- _Required work_: Please take the lines from the one holding "- pumpkin from (271, 142) to (322, 200)" through the one holding "name;x;y;z;sx;sy;sz;roll;pitch;yaw" in the data below and copy them exactly.

-- Exercise inputs follows --

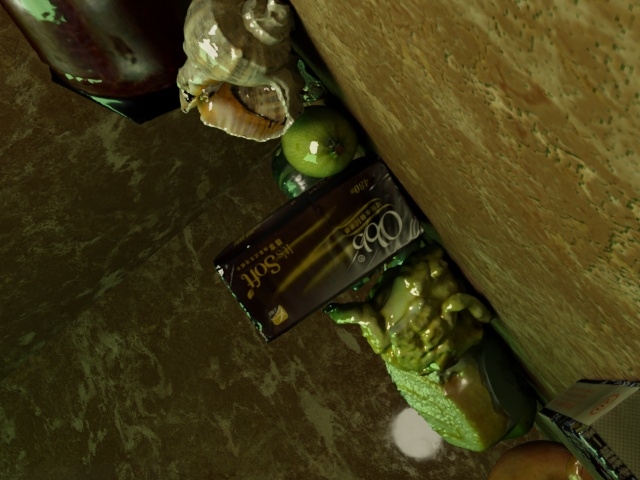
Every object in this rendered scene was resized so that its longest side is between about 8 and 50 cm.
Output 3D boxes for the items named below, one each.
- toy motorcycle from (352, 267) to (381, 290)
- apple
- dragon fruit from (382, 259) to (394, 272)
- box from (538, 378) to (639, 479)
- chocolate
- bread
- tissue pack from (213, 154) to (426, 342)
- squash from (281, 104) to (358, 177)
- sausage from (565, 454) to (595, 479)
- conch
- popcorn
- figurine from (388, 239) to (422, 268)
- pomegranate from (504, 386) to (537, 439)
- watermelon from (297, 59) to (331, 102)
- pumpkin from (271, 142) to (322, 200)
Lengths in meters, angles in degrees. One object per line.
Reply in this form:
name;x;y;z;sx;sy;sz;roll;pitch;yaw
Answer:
toy motorcycle;0.080;-0.016;1.303;0.237;0.168;0.410;58;-149;-2
apple;0.639;0.741;1.450;0.364;0.364;0.364;51;-177;-3
dragon fruit;0.291;0.143;1.566;0.151;0.205;0.317;13;131;26
box;0.353;0.253;0.563;0.198;0.084;0.310;52;-177;21
chocolate;-0.352;-0.426;0.820;0.384;0.383;0.331;51;-179;6
bread;0.352;0.329;1.340;0.395;0.239;0.264;51;149;-11
tissue pack;0.000;0.000;1.016;0.198;0.369;0.210;55;-177;-4
squash;-0.004;-0.180;0.936;0.132;0.132;0.247;50;-179;-13
sausage;0.626;0.558;1.097;0.271;0.109;0.109;51;-177;6
conch;-0.112;-0.273;0.782;0.210;0.159;0.291;30;163;-27
popcorn;0.207;0.151;1.079;0.237;0.292;0.293;57;-177;6
figurine;0.249;0.070;1.243;0.178;0.109;0.129;45;163;-33
pomegranate;0.527;0.496;1.527;0.198;0.198;0.246;51;-153;7
watermelon;-0.067;-0.278;0.932;0.158;0.121;0.098;-133;24;-65
pumpkin;-0.011;-0.178;1.532;0.300;0.207;0.300;53;-163;-23
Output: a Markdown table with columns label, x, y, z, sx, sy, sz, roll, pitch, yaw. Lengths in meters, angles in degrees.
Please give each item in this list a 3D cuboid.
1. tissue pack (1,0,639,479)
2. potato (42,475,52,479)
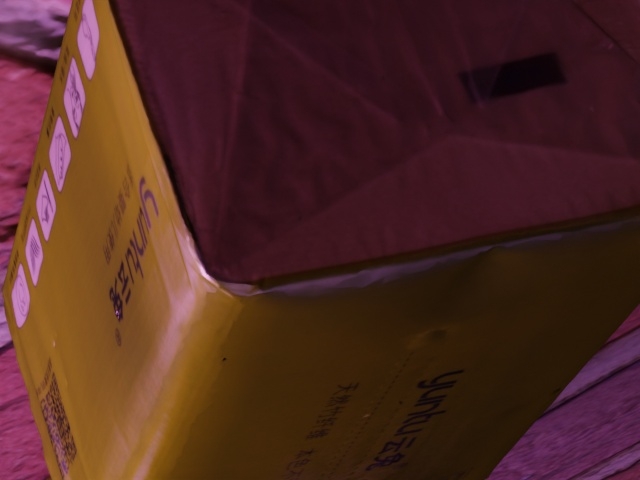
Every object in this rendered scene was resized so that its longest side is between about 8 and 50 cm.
| label | x | y | z | sx | sy | sz | roll | pitch | yaw |
| --- | --- | --- | --- | --- | --- | --- | --- | --- | --- |
| tissue pack | 0.000 | 0.000 | 0.751 | 0.200 | 0.167 | 0.275 | -11 | 157 | -22 |
| potato | -0.100 | 0.202 | 1.157 | 0.298 | 0.176 | 0.141 | -2 | 157 | 18 |
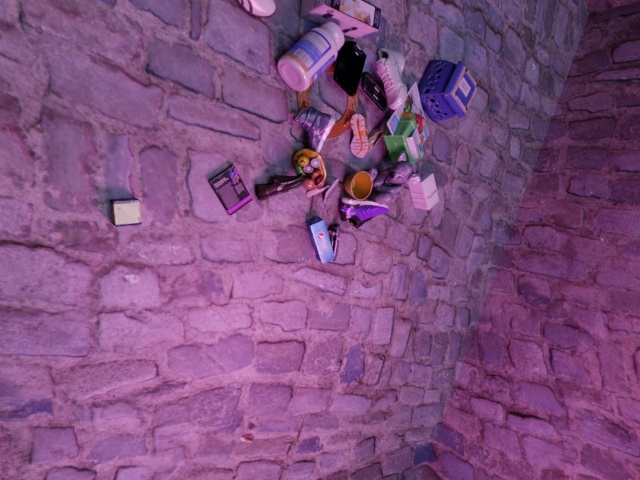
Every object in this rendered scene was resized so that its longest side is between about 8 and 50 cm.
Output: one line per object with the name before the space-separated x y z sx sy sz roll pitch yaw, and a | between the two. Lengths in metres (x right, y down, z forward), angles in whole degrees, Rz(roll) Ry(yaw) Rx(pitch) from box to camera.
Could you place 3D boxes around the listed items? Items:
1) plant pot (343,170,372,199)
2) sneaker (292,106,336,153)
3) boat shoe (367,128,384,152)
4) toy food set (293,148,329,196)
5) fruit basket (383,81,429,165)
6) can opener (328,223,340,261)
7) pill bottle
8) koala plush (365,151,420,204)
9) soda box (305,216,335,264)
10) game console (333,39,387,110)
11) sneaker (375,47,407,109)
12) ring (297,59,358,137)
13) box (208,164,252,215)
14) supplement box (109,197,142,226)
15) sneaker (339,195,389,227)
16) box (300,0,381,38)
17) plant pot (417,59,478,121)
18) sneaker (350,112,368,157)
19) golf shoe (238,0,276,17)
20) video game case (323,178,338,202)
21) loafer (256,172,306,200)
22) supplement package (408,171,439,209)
plant pot | 0.165 -0.265 1.904 0.134 0.095 0.134 -12 110 -36
sneaker | -0.056 -0.449 1.688 0.164 0.086 0.226 20 118 -17
boat shoe | 0.251 -0.480 1.944 0.153 0.048 0.056 -51 127 -16
toy food set | -0.041 -0.279 1.711 0.128 0.071 0.217 -15 121 12
fruit basket | 0.460 -0.554 2.012 0.353 0.166 0.327 -52 135 -25
can opener | 0.070 0.012 1.929 0.073 0.059 0.185 -4 104 -38
pill bottle | -0.030 -0.733 1.584 0.272 0.152 0.152 -51 127 -17
koala plush | 0.366 -0.309 1.941 0.203 0.221 0.196 -11 68 -42
soda box | 0.000 0.000 1.855 0.071 0.067 0.210 -24 118 -13
game console | 0.199 -0.711 1.820 0.361 0.044 0.213 30 69 -42
sneaker | 0.314 -0.748 1.859 0.152 0.114 0.304 9 71 -33
ring | 0.044 -0.619 1.753 0.337 0.032 0.336 -11 109 -37
box | -0.347 -0.194 1.560 0.116 0.029 0.162 -40 125 -24
supplement box | -0.645 -0.095 1.332 0.083 0.056 0.083 -10 108 -36
sneaker | 0.207 -0.132 1.982 0.294 0.102 0.146 3 105 -34
box | 0.083 -0.916 1.616 0.290 0.169 0.087 1 99 -37
plant pot | 0.664 -0.778 2.086 0.236 0.212 0.235 31 83 -40
sneaker | 0.188 -0.491 1.875 0.083 0.084 0.214 -60 152 -54
golf shoe | -0.252 -0.880 1.389 0.273 0.120 0.105 23 86 -41
video game case | 0.047 -0.223 1.821 0.011 0.122 0.087 36 74 5
loafer | -0.162 -0.233 1.636 0.220 0.080 0.078 -24 109 -11
supplement package | 0.569 -0.274 2.217 0.105 0.105 0.179 -39 123 -25
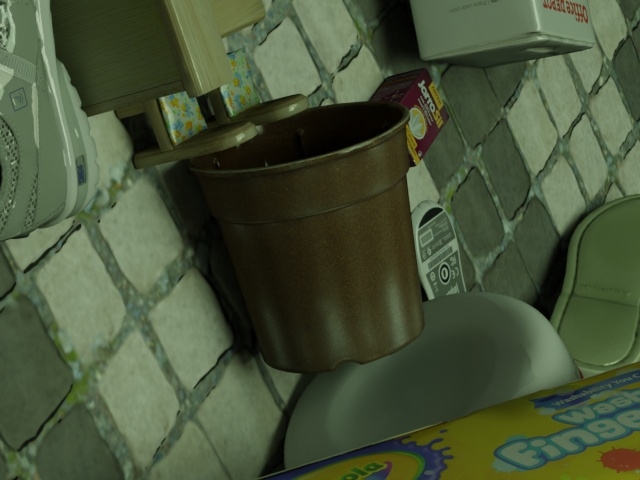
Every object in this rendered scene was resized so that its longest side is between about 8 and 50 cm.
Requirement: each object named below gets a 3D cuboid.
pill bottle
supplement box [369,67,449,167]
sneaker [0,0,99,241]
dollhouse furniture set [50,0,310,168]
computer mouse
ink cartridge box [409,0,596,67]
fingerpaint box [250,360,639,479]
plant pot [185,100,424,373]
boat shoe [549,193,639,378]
[{"bbox_3d":[0.161,0.256,1.462,0.408,0.229,0.229,57,39,-29],"label":"pill bottle"},{"bbox_3d":[0.069,-0.102,1.600,0.055,0.043,0.083,62,37,-23],"label":"supplement box"},{"bbox_3d":[-0.221,-0.122,1.122,0.115,0.105,0.281,-46,118,-51],"label":"sneaker"},{"bbox_3d":[-0.095,-0.162,1.268,0.242,0.161,0.212,-34,109,-54],"label":"dollhouse furniture set"},{"bbox_3d":[0.098,0.058,1.600,0.106,0.042,0.193,-32,113,-50],"label":"computer mouse"},{"bbox_3d":[0.146,-0.300,1.680,0.201,0.117,0.278,-8,87,-68],"label":"ink cartridge box"},{"bbox_3d":[0.174,0.295,1.253,0.444,0.163,0.371,-14,112,-21],"label":"fingerpaint box"},{"bbox_3d":[0.000,0.000,1.376,0.167,0.167,0.165,-35,117,-54],"label":"plant pot"},{"bbox_3d":[0.292,0.073,1.823,0.340,0.127,0.113,-60,159,-54],"label":"boat shoe"}]
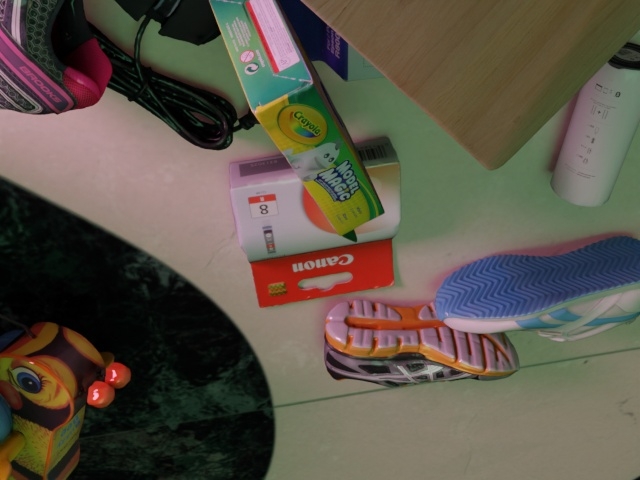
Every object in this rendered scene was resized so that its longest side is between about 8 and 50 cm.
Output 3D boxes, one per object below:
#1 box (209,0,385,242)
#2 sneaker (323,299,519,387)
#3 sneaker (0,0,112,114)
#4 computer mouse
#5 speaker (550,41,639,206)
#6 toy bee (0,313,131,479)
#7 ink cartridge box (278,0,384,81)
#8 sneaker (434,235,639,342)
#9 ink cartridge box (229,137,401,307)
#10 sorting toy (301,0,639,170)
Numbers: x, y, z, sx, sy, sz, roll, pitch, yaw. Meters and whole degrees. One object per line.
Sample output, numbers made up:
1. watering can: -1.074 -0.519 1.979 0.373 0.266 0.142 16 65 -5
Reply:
1. box: -0.007 -0.077 0.488 0.043 0.105 0.179 -25 149 5
2. sneaker: 0.103 0.116 0.762 0.215 0.084 0.083 10 130 -8
3. sneaker: -0.171 -0.210 0.389 0.112 0.121 0.299 10 130 0
4. computer mouse: -0.058 -0.157 0.479 0.184 0.060 0.262 31 127 -30
5. speaker: 0.242 -0.097 0.623 0.055 0.055 0.136 -3 129 -9
6. toy bee: -0.247 0.140 0.621 0.162 0.195 0.298 14 142 13
7. ink cartridge box: 0.061 -0.219 0.489 0.224 0.045 0.223 -7 131 -5
8. sneaker: 0.230 0.065 0.737 0.228 0.087 0.092 -8 133 -3
9. ink cartridge box: 0.000 0.000 0.662 0.145 0.045 0.179 -10 128 -3
10. sorting toy: 0.102 -0.209 0.398 0.257 0.089 0.255 -47 132 14
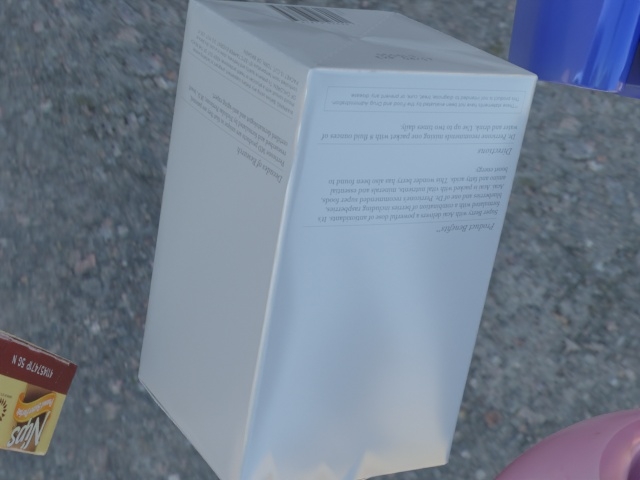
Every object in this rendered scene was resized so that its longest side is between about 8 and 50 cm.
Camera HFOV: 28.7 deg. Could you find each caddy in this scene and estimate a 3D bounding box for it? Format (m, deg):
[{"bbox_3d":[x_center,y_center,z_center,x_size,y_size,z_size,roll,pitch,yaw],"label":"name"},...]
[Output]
[{"bbox_3d":[0.332,-0.243,1.338,0.241,0.341,0.179,11,99,-4],"label":"caddy"}]

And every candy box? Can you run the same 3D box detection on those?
[{"bbox_3d":[-0.372,0.078,0.967,0.317,0.183,0.087,16,79,13],"label":"candy box"}]

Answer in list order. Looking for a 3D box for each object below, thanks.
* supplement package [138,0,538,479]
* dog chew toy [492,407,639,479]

-- Exercise inputs concluded --

- _Result of the exercise_:
- pumpkin from (271, 142) to (322, 200)
Lengths in meters, angles in degrees. One object per line.
Reply in this form:
name;x;y;z;sx;sy;sz;roll;pitch;yaw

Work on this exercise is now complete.